LUCENA CITY—A national farmers’ group has urged President-elect Rodrigo Duterte to deliver a campaign promise to return to farmers billions of pesos of coconut levy forcibly collected by the Marcos regime.
“Farmers look at him (Duterte) as their only hope to reclaim the levy,” said Jansepth Geronimo, spokesperson of Kilusan Para sa Tunay na Repormang Agraryo at Katarungang Panlipunan (Katarungan).
In his campaign speeches, Duterte vowed to order the distribution of the levy within a month of his administration.

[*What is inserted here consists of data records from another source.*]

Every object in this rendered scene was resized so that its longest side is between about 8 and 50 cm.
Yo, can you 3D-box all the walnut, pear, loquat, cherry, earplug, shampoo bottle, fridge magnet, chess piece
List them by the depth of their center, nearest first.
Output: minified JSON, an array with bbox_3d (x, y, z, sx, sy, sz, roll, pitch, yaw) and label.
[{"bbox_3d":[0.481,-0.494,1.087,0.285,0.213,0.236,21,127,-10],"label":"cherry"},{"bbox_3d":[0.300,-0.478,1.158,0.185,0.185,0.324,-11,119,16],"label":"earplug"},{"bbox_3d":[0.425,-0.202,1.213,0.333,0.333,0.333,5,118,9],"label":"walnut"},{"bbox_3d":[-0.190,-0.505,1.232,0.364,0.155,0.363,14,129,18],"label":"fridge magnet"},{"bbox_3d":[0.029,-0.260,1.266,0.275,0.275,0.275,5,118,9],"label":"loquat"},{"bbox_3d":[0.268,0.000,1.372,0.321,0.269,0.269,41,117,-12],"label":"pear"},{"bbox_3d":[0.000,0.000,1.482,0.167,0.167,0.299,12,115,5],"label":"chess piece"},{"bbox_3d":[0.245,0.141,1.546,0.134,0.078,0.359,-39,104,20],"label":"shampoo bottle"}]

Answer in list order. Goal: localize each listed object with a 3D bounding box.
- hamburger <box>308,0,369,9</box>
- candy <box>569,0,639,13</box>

Duterte said “political will” was needed to enforce the Supreme Court decision to return the fund to farmers after it ruled that the levy was public fund meant to develop the country’s coconut industry.
Geronimo said coconut farmers in Quezon were waiting for Duterte’s plans on how to return the levy.
Last year, President Aquino issued Executive Order No. 179, which governs the disposition and privatization of the coco levy assets, and EO No. 180, which provides the guidelines for the use of the P74.3 billion recovered from San Miguel Corp. (SMC). Its enforcement was stopped after coconut farmers obtained a restraining order from the Supreme Court.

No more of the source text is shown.